When CUSTOMER registers as a customer of COMPANY, CUSTOMER will be required to provide personal details and other confidential information.
Except as provided herein, COMPANY will not sell to any third party CUSTOMER name, address, email address and contact details without consent, except to the extent necessary to comply with applicable laws, police investigations or in legal proceedings where such information is relevant. COMPANY grants third parties providing technical services access to information only to the extent necessary to provide such technical services. In those instances, such third parties are bound by these Terms and Conditions.
CUSTOMER is responsible for maintaining the confidentiality of confidential access information provided by COMPANY.
CUSTOMER may provide links only to the COMPANY’s website home page provided:
In the event that any provision of this Agreement conflicts with the law under which this Agreement is to be construed or if any such provisions are held invalid by a court with jurisdiction over the parties to this Agreement, such provision will be deemed to be restated to reflect as nearly as possible the original intentions of the parties in accordance with applicable law, and the remainder of this Agreement will remain in full force and effect.
The failure of any party to insist upon or enforce strict performance by the other party of any provision of this Agreement or to exercise any right under this Agreement will not be construed as a waiver or relinquishment to any extent of such party’s right to assert or rely upon any such provision or right in that or any other instance, rather, the same will be and remain in full force and effect.

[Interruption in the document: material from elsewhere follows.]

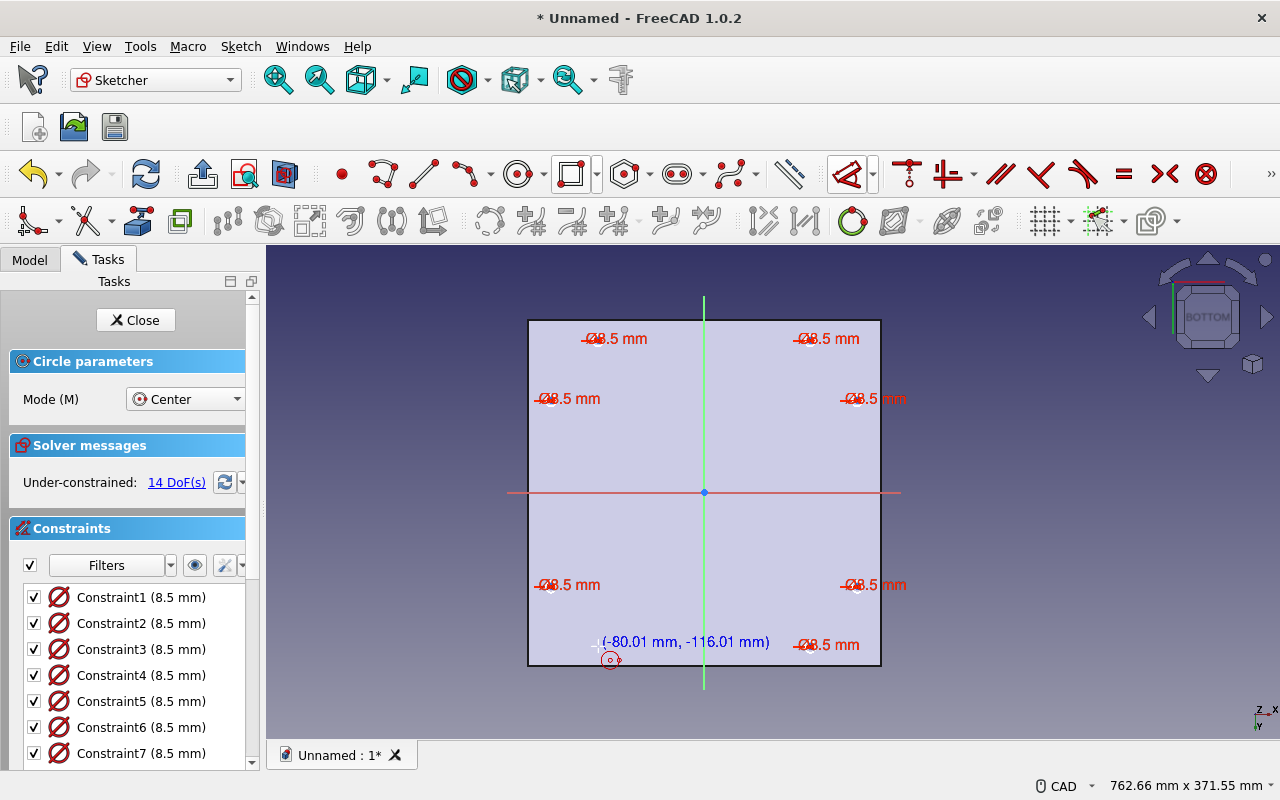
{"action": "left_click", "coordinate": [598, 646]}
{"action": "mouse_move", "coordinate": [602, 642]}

COMPANY may assign rights and obligations under this Agreement, and upon such assignment COMPANY may be relieved of any further obligation hereunder. These Terms and Conditions constitute the entire understanding between CUSTOMER and COMPANY and supersede all prior agreements and understandings.
By accessing this site and using the SERVICE, CUSTOMER agrees to receive electronic documents, billing reports, statements and records (electronic records) in lieu of paper documents, statements and records from us. Your electronic records may be emailed to CUSTOMER to the email account that CUSTOMER provide to us, accessed through this site using your Confidential Access Information or otherwise electronically provided to CUSTOMER. By accessing this site and using the SERVICE, CUSTOMER are also agreeing to the use of electronic signatures in lieu of (and in addition to) wet-ink, physical signatures. If CUSTOMER changes the email address to receive electronic records, CUSTOMER must notify us of the new email address by sending an email or written letter to our address of record.